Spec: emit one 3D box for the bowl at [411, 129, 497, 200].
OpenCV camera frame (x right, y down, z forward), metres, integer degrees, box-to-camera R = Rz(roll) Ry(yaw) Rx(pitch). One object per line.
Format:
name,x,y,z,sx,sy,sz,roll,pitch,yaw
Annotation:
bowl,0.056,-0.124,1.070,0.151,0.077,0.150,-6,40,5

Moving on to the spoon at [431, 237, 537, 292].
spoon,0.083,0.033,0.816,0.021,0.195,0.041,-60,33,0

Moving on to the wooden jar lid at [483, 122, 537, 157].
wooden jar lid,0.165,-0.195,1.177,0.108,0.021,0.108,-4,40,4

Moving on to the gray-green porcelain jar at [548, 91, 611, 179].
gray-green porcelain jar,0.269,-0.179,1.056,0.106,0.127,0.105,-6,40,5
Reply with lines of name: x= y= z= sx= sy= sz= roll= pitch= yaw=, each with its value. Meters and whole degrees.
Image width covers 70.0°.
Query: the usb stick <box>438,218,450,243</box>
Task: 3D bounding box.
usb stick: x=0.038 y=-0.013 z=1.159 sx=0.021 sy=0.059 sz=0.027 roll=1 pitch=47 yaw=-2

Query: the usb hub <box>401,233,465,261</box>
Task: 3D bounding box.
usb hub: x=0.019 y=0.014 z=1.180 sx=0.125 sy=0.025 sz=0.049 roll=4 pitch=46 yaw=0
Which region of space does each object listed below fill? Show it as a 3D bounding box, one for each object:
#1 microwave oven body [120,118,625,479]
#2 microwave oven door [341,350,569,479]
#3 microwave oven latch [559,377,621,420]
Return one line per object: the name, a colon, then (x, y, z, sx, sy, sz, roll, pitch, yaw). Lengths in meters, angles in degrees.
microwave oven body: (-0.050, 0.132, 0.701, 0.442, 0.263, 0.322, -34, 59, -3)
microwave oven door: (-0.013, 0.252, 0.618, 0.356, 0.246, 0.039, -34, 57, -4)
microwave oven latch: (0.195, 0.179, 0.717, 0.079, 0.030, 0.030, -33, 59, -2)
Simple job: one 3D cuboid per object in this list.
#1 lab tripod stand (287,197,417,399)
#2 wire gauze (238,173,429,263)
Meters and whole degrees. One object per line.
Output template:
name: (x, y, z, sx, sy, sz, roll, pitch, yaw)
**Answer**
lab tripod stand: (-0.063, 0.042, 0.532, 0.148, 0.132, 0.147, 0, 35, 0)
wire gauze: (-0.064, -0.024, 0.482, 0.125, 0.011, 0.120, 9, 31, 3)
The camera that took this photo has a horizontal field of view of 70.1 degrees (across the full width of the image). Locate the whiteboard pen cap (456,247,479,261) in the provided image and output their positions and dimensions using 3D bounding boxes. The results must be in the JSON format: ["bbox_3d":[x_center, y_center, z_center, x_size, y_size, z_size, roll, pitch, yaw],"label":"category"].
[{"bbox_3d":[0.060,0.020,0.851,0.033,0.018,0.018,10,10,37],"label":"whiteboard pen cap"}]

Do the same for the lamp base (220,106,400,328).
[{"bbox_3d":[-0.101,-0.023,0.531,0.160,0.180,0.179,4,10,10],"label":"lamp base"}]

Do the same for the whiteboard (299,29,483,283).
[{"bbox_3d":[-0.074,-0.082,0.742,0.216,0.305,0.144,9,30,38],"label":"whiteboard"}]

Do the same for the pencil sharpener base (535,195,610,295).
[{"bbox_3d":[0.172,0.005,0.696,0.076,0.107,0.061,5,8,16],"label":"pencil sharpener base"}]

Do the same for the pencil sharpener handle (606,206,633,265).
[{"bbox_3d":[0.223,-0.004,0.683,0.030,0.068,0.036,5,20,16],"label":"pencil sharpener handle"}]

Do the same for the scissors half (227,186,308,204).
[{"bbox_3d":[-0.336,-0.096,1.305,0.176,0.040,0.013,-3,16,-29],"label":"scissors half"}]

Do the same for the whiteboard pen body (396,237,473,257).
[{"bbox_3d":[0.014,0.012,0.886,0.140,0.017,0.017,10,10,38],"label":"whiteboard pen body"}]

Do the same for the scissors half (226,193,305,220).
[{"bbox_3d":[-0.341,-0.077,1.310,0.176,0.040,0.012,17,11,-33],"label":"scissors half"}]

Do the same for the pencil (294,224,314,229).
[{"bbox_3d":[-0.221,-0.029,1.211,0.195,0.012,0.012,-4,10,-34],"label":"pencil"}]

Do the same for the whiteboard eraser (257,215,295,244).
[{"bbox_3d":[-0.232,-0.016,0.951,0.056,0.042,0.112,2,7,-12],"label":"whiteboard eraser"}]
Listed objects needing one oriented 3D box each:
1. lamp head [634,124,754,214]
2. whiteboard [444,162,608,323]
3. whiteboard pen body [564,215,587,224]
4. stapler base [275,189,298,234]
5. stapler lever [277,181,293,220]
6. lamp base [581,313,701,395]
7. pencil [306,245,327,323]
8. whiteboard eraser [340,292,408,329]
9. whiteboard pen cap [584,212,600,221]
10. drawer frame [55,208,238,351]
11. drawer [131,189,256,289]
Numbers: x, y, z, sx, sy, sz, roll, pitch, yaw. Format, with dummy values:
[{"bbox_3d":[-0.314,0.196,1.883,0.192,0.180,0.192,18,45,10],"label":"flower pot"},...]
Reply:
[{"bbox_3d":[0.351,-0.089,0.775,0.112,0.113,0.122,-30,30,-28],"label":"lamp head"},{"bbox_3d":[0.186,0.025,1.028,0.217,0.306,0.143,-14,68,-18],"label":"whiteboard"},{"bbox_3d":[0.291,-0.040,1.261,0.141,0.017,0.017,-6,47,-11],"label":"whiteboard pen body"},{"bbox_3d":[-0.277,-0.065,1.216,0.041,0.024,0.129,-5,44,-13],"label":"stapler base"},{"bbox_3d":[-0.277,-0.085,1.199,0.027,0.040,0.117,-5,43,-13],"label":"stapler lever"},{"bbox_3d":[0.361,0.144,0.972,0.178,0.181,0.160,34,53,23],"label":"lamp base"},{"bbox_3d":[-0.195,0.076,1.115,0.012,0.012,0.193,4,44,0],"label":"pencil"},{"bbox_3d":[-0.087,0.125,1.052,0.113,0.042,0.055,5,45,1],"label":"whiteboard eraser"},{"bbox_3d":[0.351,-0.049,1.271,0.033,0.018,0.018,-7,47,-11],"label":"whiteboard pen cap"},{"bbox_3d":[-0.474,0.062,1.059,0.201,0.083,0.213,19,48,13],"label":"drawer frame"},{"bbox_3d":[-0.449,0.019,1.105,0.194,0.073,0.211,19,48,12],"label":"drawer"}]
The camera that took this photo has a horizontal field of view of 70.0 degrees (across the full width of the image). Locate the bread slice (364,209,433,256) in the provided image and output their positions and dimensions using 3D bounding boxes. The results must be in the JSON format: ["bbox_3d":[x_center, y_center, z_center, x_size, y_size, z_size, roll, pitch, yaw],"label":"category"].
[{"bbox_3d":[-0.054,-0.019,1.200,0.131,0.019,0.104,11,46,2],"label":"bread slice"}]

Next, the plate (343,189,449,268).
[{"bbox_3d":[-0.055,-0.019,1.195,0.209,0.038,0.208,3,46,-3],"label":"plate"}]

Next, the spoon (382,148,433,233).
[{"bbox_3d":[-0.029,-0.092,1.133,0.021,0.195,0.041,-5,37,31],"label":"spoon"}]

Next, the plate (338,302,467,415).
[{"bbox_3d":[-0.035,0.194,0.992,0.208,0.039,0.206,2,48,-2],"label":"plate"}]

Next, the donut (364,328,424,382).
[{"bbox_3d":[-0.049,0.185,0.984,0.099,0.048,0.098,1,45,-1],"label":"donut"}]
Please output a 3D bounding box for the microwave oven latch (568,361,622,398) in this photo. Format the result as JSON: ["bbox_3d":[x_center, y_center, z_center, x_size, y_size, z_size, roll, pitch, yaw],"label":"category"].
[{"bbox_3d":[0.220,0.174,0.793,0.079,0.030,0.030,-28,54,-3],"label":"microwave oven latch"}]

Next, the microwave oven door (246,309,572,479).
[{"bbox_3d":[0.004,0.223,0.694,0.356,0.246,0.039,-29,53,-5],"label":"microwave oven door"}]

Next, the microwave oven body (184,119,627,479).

++++++++

REQUIRED WORK | Reproduce exactly, and only, the part of the listing above that begins at the line with "3. whiteboard pen body [564,215,587,224]" and goes on through the line with "11. drawer [131,189,256,289]".

WRITTEN ANSWER |
3. whiteboard pen body [564,215,587,224]
4. stapler base [275,189,298,234]
5. stapler lever [277,181,293,220]
6. lamp base [581,313,701,395]
7. pencil [306,245,327,323]
8. whiteboard eraser [340,292,408,329]
9. whiteboard pen cap [584,212,600,221]
10. drawer frame [55,208,238,351]
11. drawer [131,189,256,289]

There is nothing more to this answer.